SQL: Replacing dates contained within a text string - sql

I am using SQL Server Management Studio 2012. I work with medical records and need to de-identify reports. The reports are structured in a table with columns Report_Date, Report_Subject, Report_Text, etc... The string I need to update is in report_text and there are ~700,000 records.
So if I have:
"patient had an EKG on 04/09/2012"
I need to replace that with:
"patient had an EKG on [DEIDENTIFIED]"
I tried
UPDATE table
SET Report_Text = REPLACE(Report_Text, '____/___/____', '[DEIDENTIFED]')
because I need to replace anything in there that looks like a date, and it runs but doesn't actually replace anything, because apparently I can't use the _ wildcard in this command.
Any recommendations on this?
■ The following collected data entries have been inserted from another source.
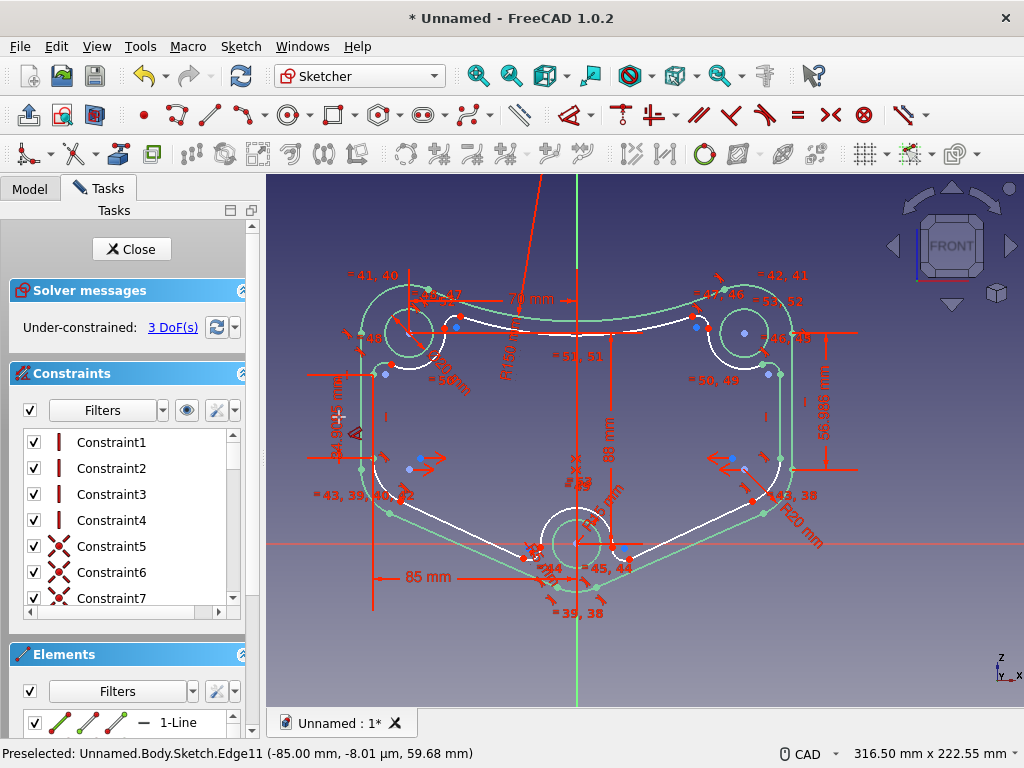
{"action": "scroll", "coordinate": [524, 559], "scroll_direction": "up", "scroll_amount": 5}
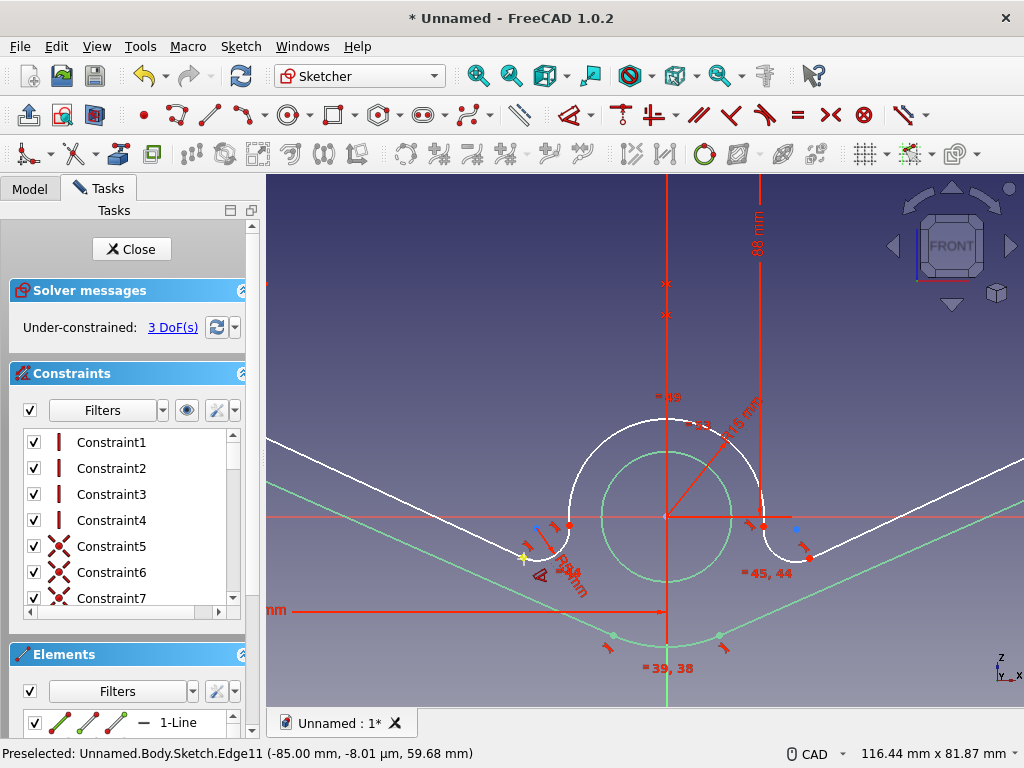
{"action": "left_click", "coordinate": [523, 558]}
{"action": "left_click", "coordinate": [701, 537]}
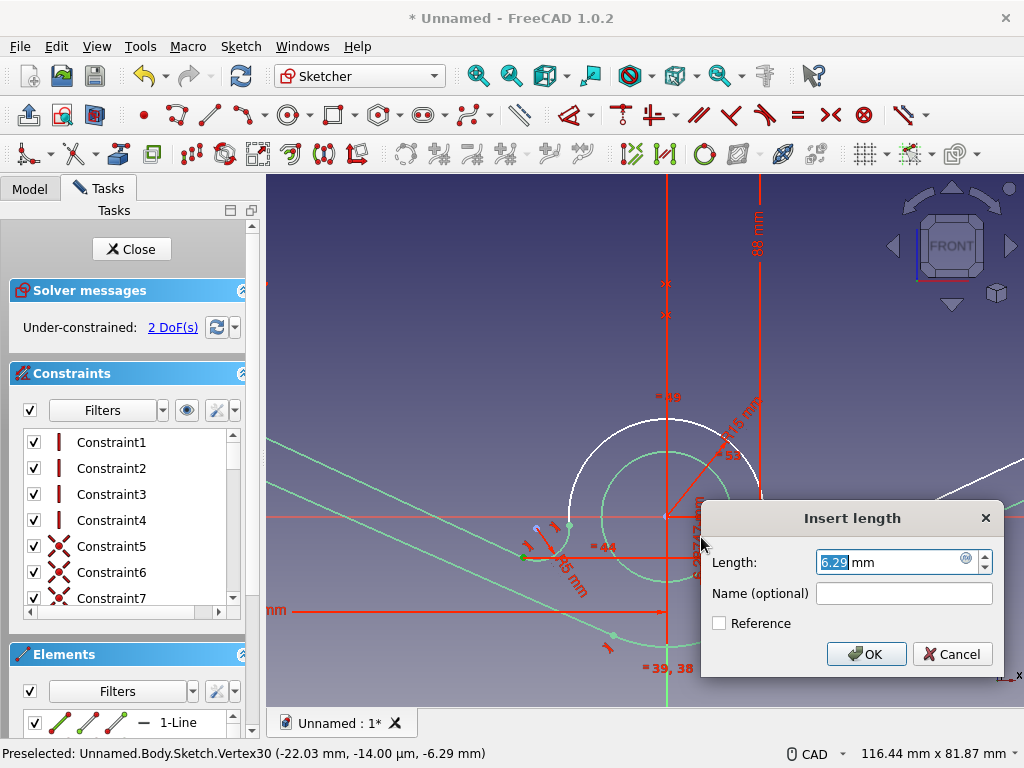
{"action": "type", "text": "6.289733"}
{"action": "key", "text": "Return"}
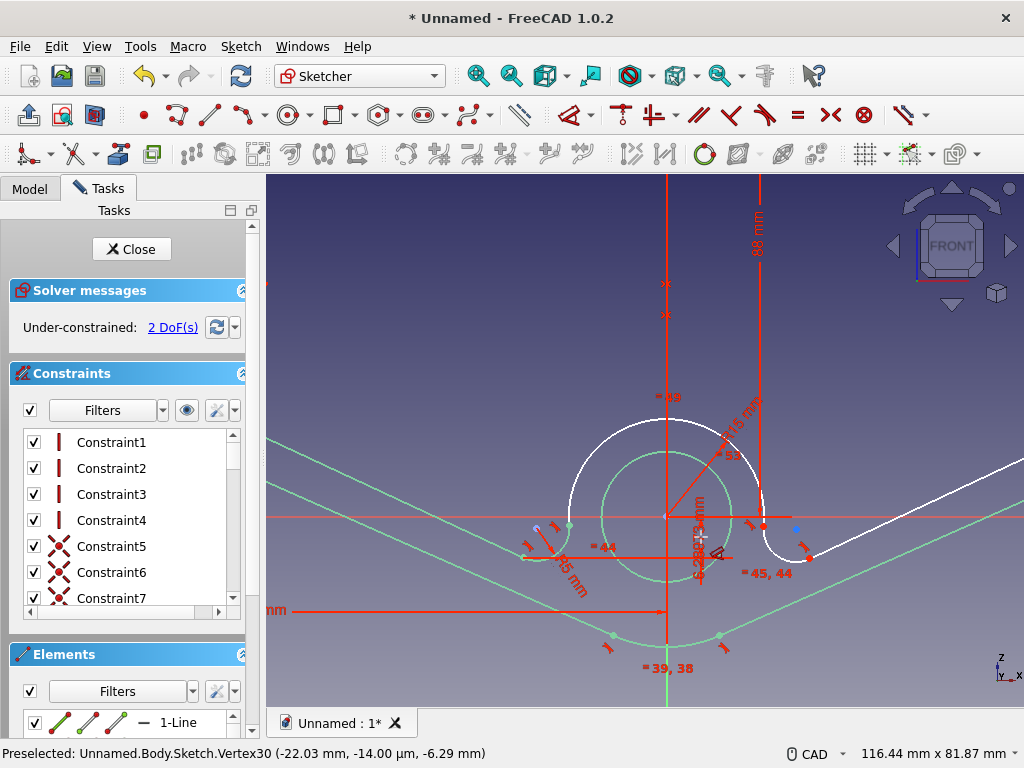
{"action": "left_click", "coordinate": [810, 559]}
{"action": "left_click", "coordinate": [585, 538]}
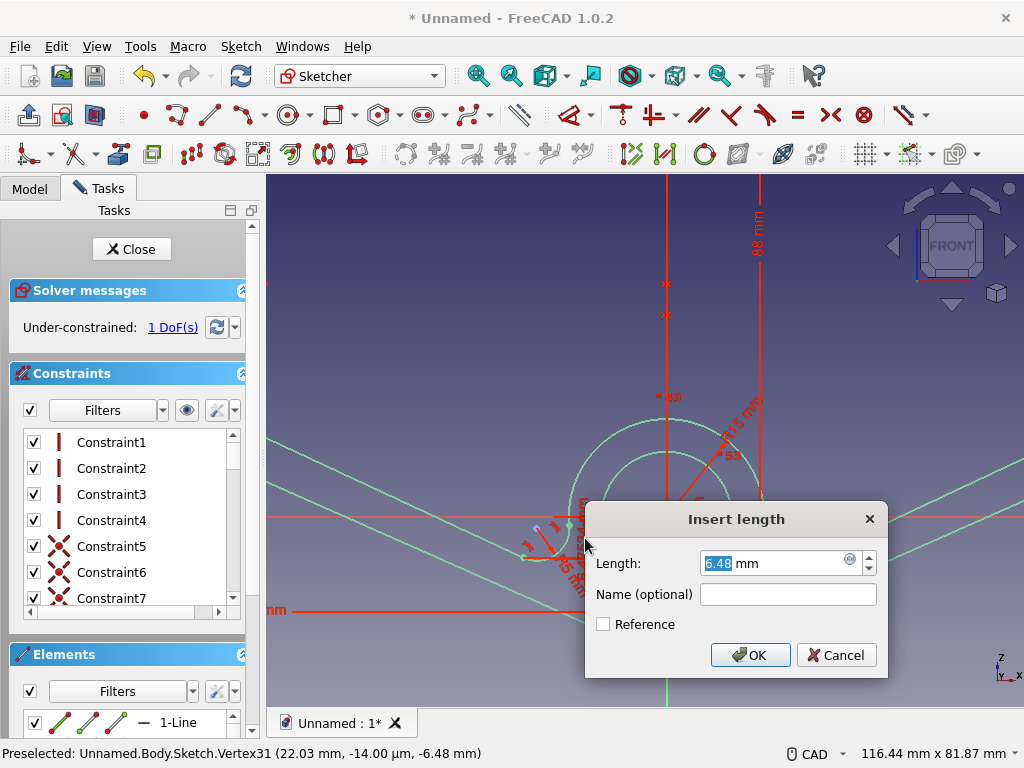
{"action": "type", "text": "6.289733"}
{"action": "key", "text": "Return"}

Advance thanks!

You can use PATINDEX to find the location of Date and then use SUBSTRING and REPLACE to replace the dates.
Since there may be multiple dates in the Text you have to run a while loop to replace all the dates.
Below sql will work for all dates in the form of MM/DD/YYYY
WHILE EXISTS( SELECT 1 FROM dbo.MyTable WHERE PATINDEX('%[0-9][0-9]/[0-9][0-9]/[0-9][0-9][0-9][0-9]%',Report_Text) > 0 )
BEGIN
UPDATE t
SET Report_Text = REPLACE(Report_Text, DateToBeReplaced, '[DEIDENTIFIED]')
FROM ( SELECT * ,
SUBSTRING(Report_Text,PATINDEX('%[0-9][0-9]/[0-9][0-9]/[0-9][0-9][0-9][0-9]%',Report_Text), 10) AS DateToBeReplaced
FROM dbo.MyTable AS a
WHERE PATINDEX('%[0-9][0-9]/[0-9][0-9]/[0-9][0-9][0-9][0-9]%',Report_Text) > 0
) AS t
END
I have tested the above sql on a dummy table with few rows.I don't know how it will scale for your data but recommend you to give it a try.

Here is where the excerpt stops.